Fortunately, there are easy ways to minimize trauma. Both ASSH and CTV News have compiled safety tips for pumpkin carvers intended to reduce the chances of a trip to the emergency room.

First, it's recommended that carvers tackle their design with knives made specifically for carving. Kitchen knives are sharp and provide a poor grip when trying to puncture tough pumpkin skin: Pumpkin carving knives have slip-resistant handles and aren't quite as sharp, while kitchen knives can get wedged in, requiring force to pull them out.

Carvers should also keep the pumpkin intact while carving, cleaning out the insides later. Why? Once a pumpkin has been gutted, you’re likely to stick your free hand inside to brace it, opening yourself up to an inadvertent stab from your knife hand. When you do open it up, it's better to cut from the bottom: That way, the pumpkin can be lowered over a light source rather than risk a burn dropping one in from the top.
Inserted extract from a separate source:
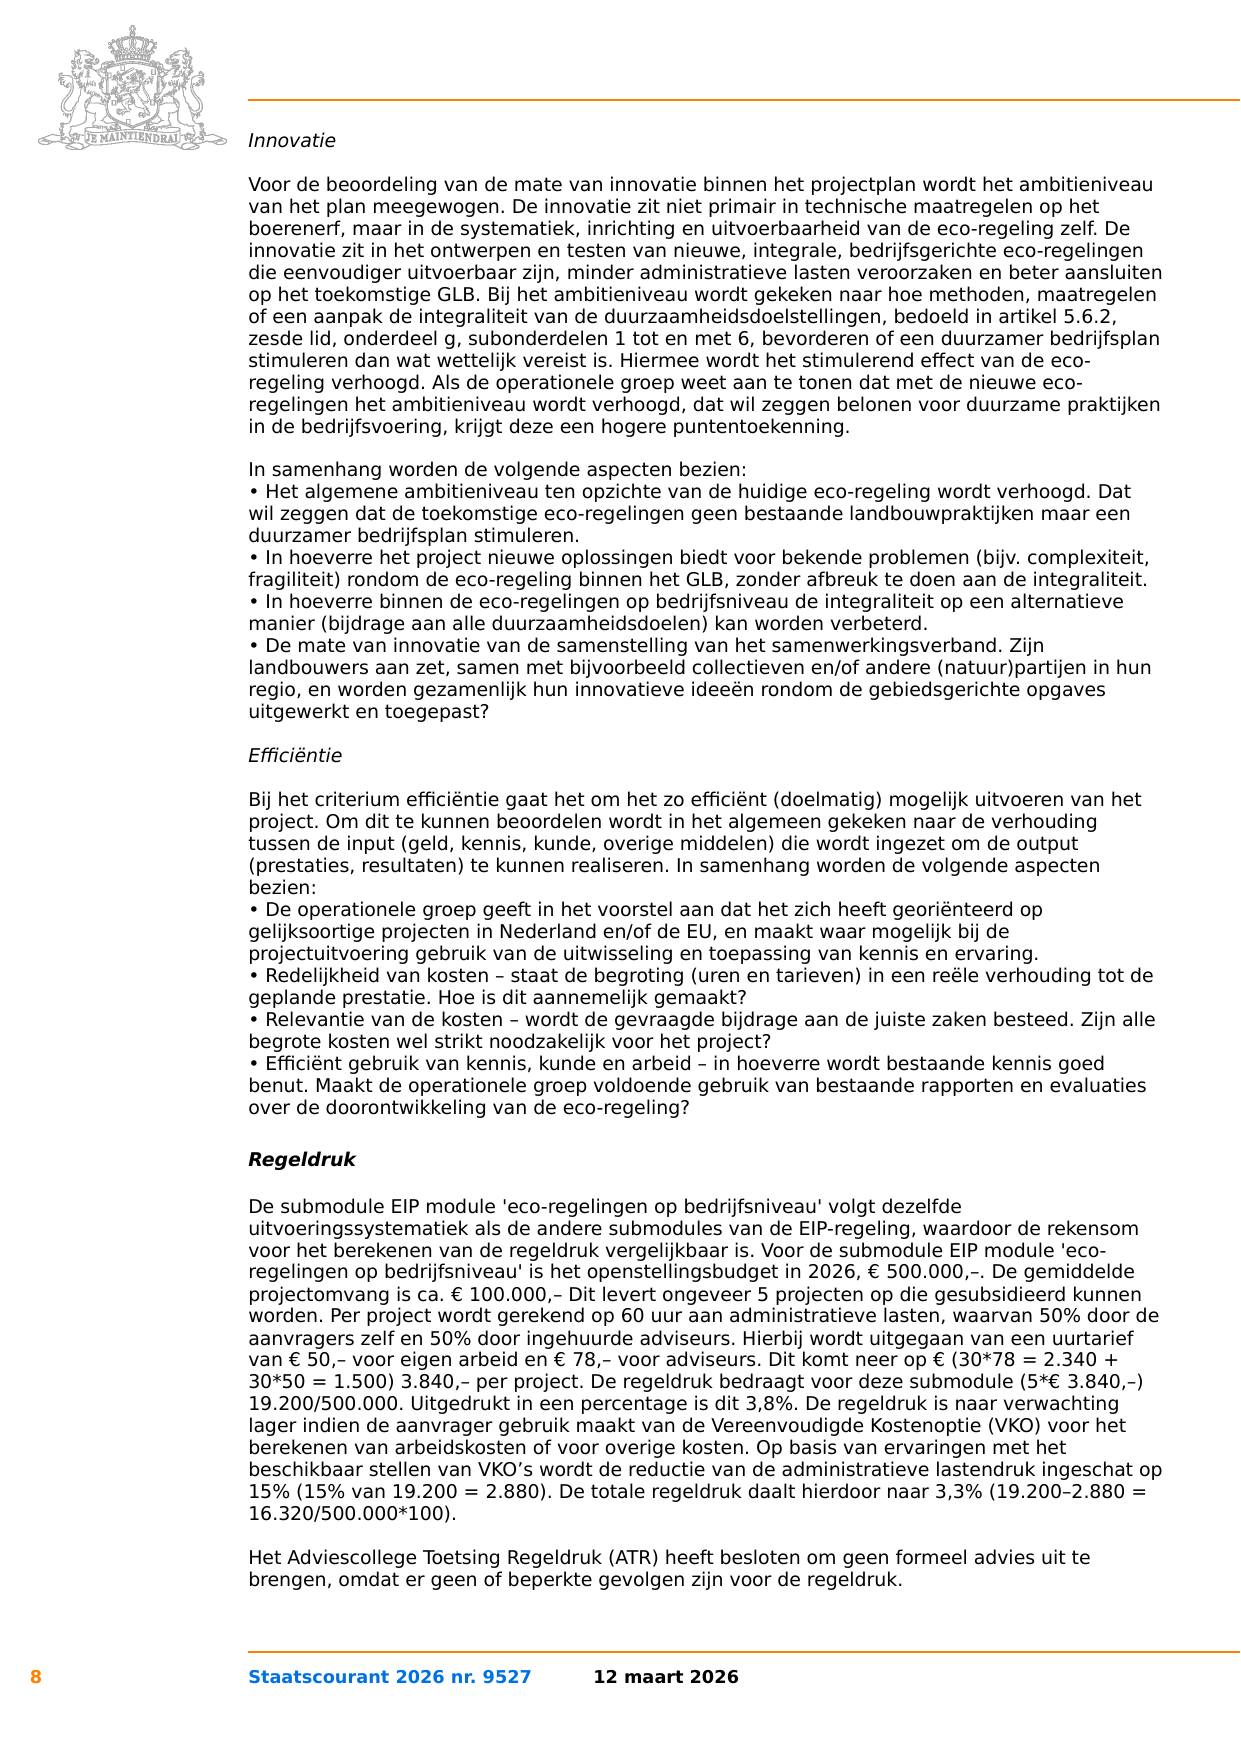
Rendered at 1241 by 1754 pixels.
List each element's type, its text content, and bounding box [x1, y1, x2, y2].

Most importantly, parents would be wise to never let their kids assist in carving without supervision, and should always work in a brightly-lit area. Adults should handle the knife, while children can draw patterns and scoop out innards. According to Consumer Reports, kids ages 10 to 14 tend to suffer the most Halloween-related accidents, so keeping carving duties to ages 14 and above is a safe bet.

If all else fails and your carving has gone awry, have a first aid kit handy and apply pressure to any wound to staunch bleeding. With some common sense, however, it's unlikely your Halloween celebration will turn into a blood sacrifice.